Andre Curbelo has been trying to become the next Ayo by taking over a game with his scoring. We're not doubting that his heart is in the right place. If I were to give Curbelo any advice, it would be this: Don't be the best Ayo impression that you can be, be the best Andre Curbelo you can be.

What do I mean by this? Ayo won games with his ability to score - particularly down the stretch of games as the pressure ratcheted up. It was great to have a scorer like Ayo. His ability to create his own shot, or to take advantage of the decision to leave him in order to double team Kofi or help when Curbelo beat his man allowed Ayo to score. This stopped teams from going on long runs against the Illini. There weren't very many stretches where opponents outscored the Illini 15-1 (or some other similar type of streaks). Ayo could score well enough to stop that momentum from building. Curbelo doesn't have that skill set. Before someone gets upset, remember Curbelo has his own special set of skills that apply here. He just needs to use them.

Curbelo's ability is to break down his defender, once past his defender, Curbelo forces another defender to come off of their own man to stop Curbelo from driving to the hoop. It is in that moment that Curbelo's skill can provide results similar to Ayo - but in a different fashion.  If a defender comes over to help after Curbelo beats his own man, Andre needs to find the open player. The defense rotates towards the ball to cover for the man that Andre beat initially. Someone must be open. It's Andre's job to identify who is the open man and then get them the ball with a pass that hits them in a fashion that they can shoot the open shot. There are times that Curbelo can get to the basket by himself. If so, by all means make that happen. If not, slay the defense with assists to open Illini teammates.

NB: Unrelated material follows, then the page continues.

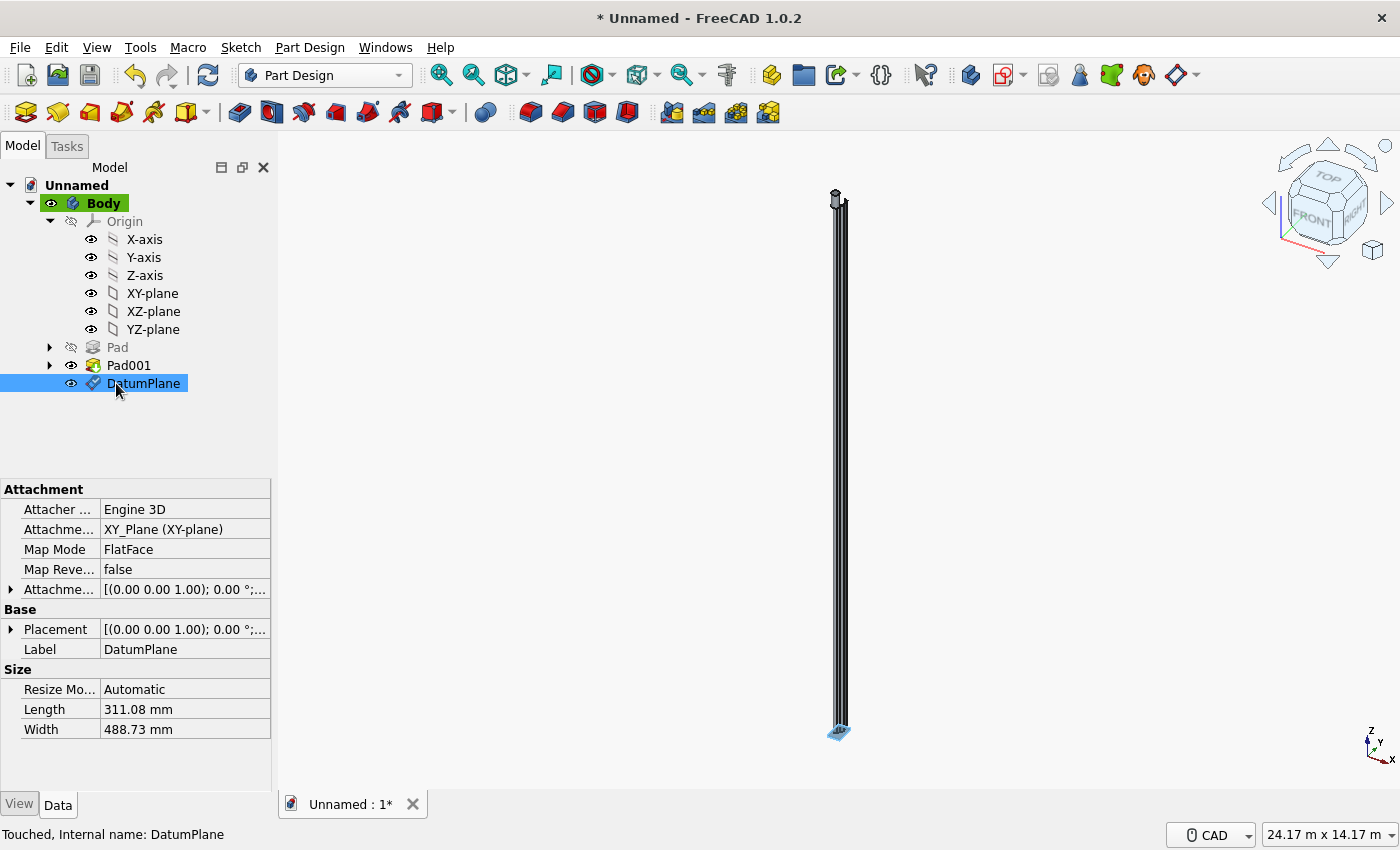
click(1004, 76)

If Curbelo beats his man, diagnoses who the open man is and he gets the ball to him in the shooting pocket - the open shots will come and opposing scoring streaks will be cut short. Ayo was a magnificent player for the Illini, but he's now becoming a contributor for the Chicago Bulls. His time in the Orange and Blue has come and gone. We need the one and only Andre Curbelo, not the next Ayo Dosunmu to make this Illini team roll. Let's get Andre playing well, it's his time, now.

And before you think I missed it; Plummer seems to be quite a shooter. Let's watch Curbelo's assists shoot up even higher as he gets Alfonso the ball so he can put his marksmanship on display.